▸ Task prompt
Once the line containing "Instruction: Where is" is found, please copy it and all lines after it through the end of the records, exactly, leaving out pictures.

▸ Given records
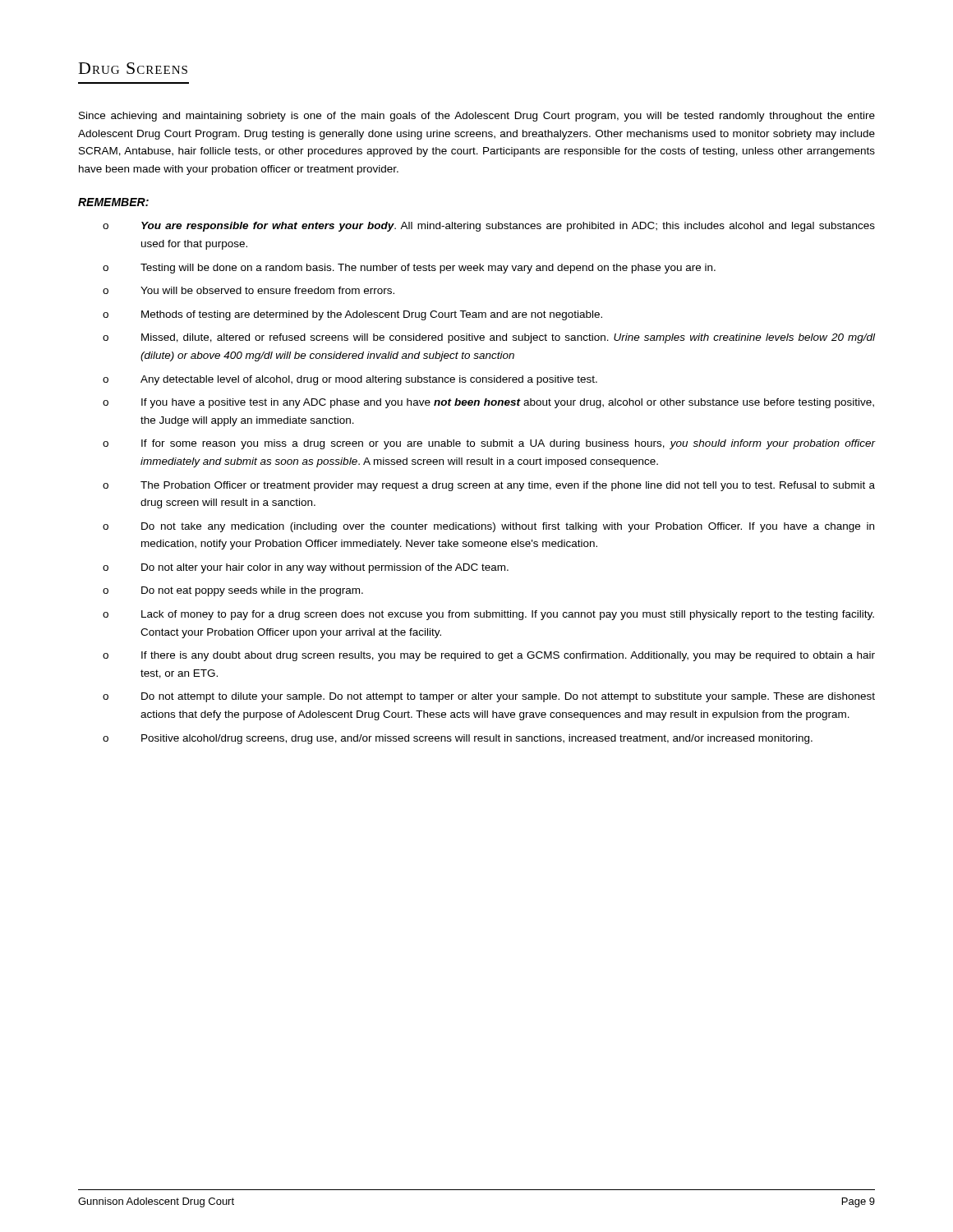This screenshot has width=953, height=1232.
Task: Navigate to the passage starting "o Methods of testing are determined"
Action: tap(476, 314)
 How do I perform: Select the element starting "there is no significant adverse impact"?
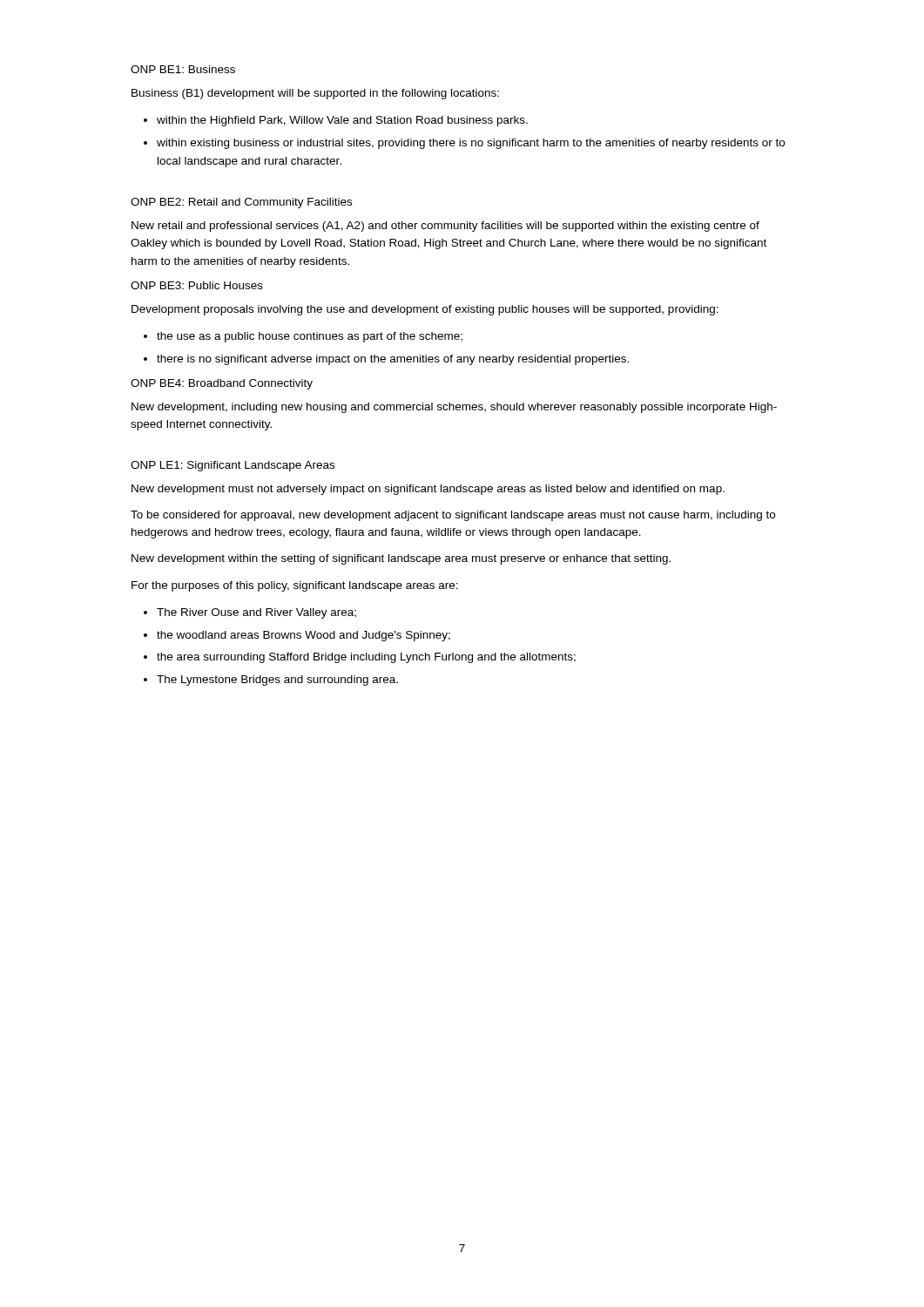(x=393, y=358)
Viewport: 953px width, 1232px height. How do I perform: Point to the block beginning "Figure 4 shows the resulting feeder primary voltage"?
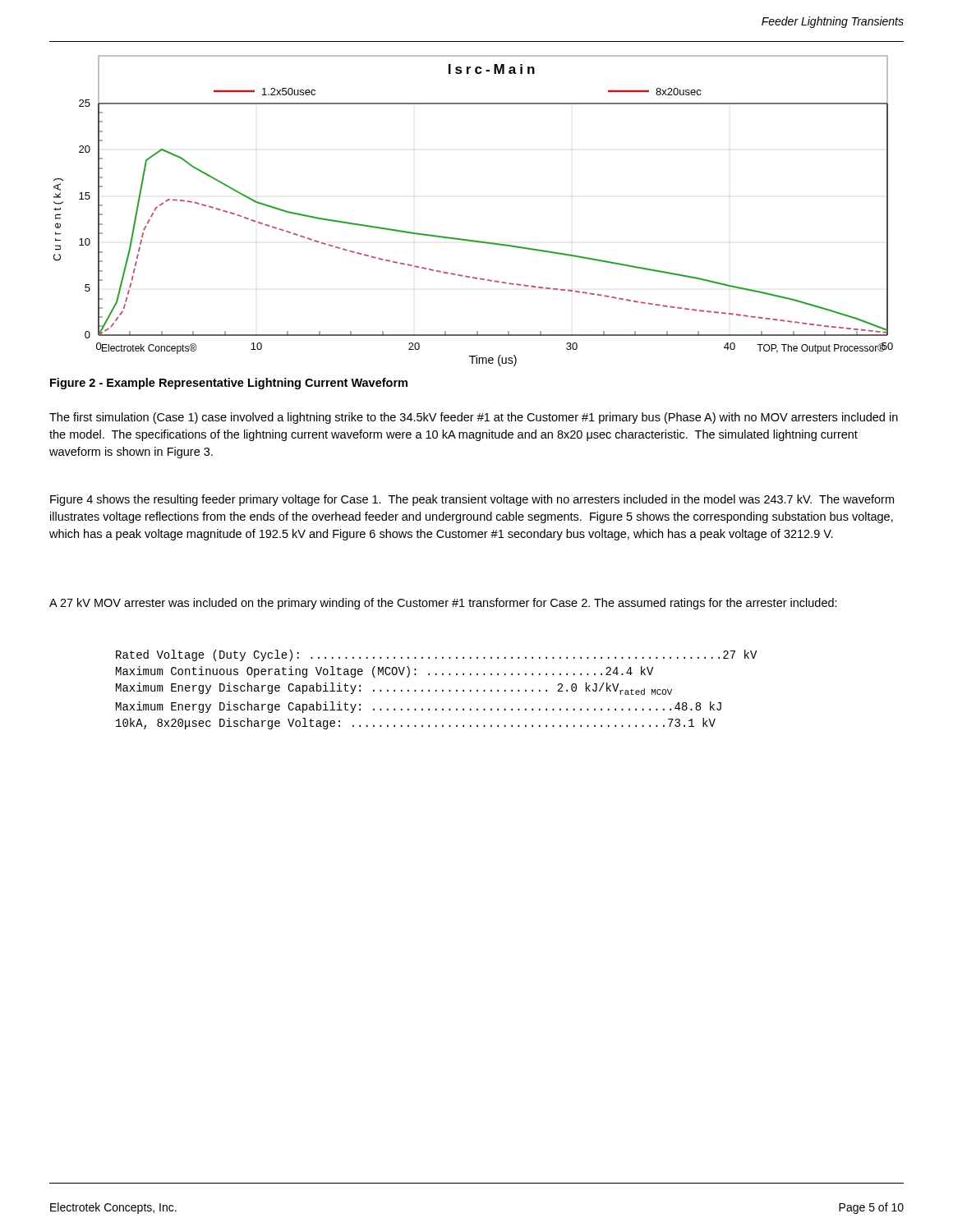[472, 517]
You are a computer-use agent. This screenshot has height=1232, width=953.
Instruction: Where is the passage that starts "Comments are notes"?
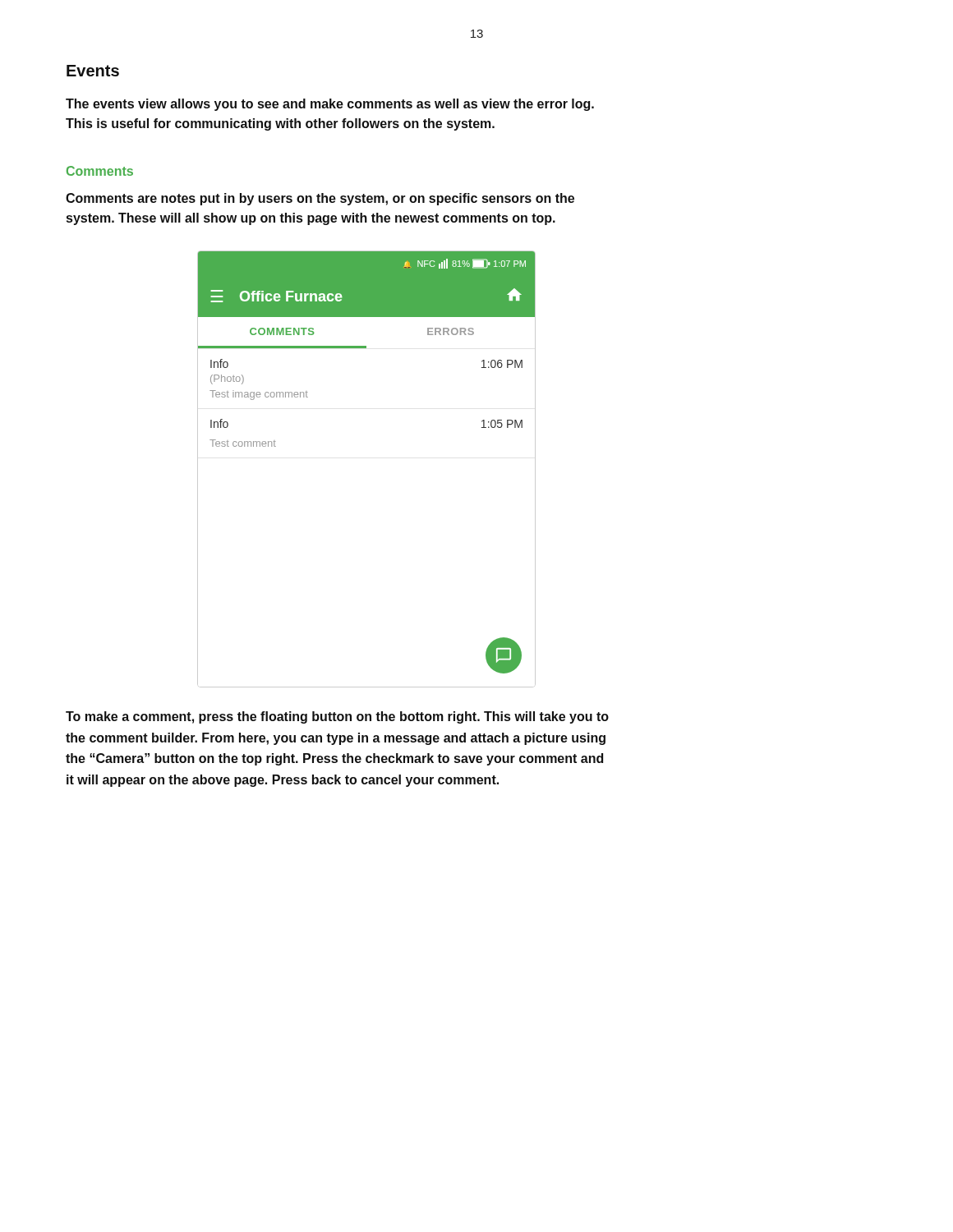coord(320,208)

▸ Result
Instruction: Where is the passage that starts "Comments are notes"?
coord(320,208)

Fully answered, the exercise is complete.